TASK INSTRUCTIONS:
Reproduce the listing in full, pictures excluded.

___ SUPPLIED RECORDS ___

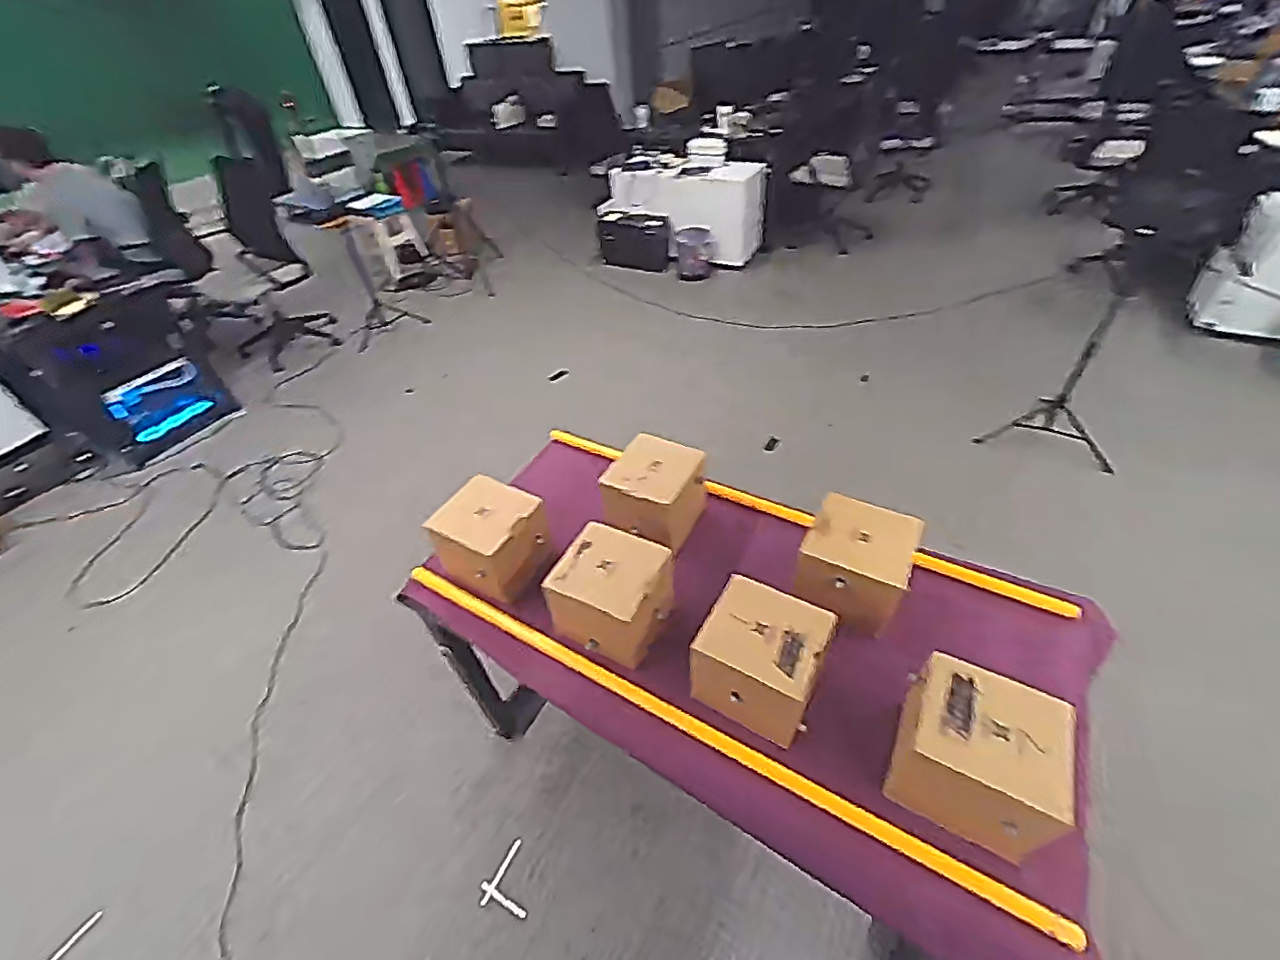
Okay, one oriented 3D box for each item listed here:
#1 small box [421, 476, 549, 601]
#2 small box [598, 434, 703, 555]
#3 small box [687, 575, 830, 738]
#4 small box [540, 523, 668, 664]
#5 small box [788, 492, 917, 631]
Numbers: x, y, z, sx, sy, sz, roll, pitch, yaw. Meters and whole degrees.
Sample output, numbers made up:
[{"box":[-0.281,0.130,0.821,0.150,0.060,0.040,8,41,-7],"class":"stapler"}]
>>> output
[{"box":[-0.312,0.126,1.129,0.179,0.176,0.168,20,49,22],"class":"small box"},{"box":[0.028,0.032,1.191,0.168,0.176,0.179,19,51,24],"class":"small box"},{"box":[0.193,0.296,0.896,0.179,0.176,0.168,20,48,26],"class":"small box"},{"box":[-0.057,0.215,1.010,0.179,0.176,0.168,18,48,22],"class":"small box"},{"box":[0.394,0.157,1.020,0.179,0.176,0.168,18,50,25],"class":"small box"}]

___

RESPONSE TO THE EXERCISE:
Okay, one oriented 3D box for each item listed here:
#1 small box [421, 476, 549, 601]
#2 small box [598, 434, 703, 555]
#3 small box [687, 575, 830, 738]
#4 small box [540, 523, 668, 664]
#5 small box [788, 492, 917, 631]
Numbers: x, y, z, sx, sy, sz, roll, pitch, yaw. Meters and whole degrees.
Sample output, numbers made up:
[{"box":[-0.281,0.130,0.821,0.150,0.060,0.040,8,41,-7],"class":"stapler"}]
>>> output
[{"box":[-0.312,0.126,1.129,0.179,0.176,0.168,20,49,22],"class":"small box"},{"box":[0.028,0.032,1.191,0.168,0.176,0.179,19,51,24],"class":"small box"},{"box":[0.193,0.296,0.896,0.179,0.176,0.168,20,48,26],"class":"small box"},{"box":[-0.057,0.215,1.010,0.179,0.176,0.168,18,48,22],"class":"small box"},{"box":[0.394,0.157,1.020,0.179,0.176,0.168,18,50,25],"class":"small box"}]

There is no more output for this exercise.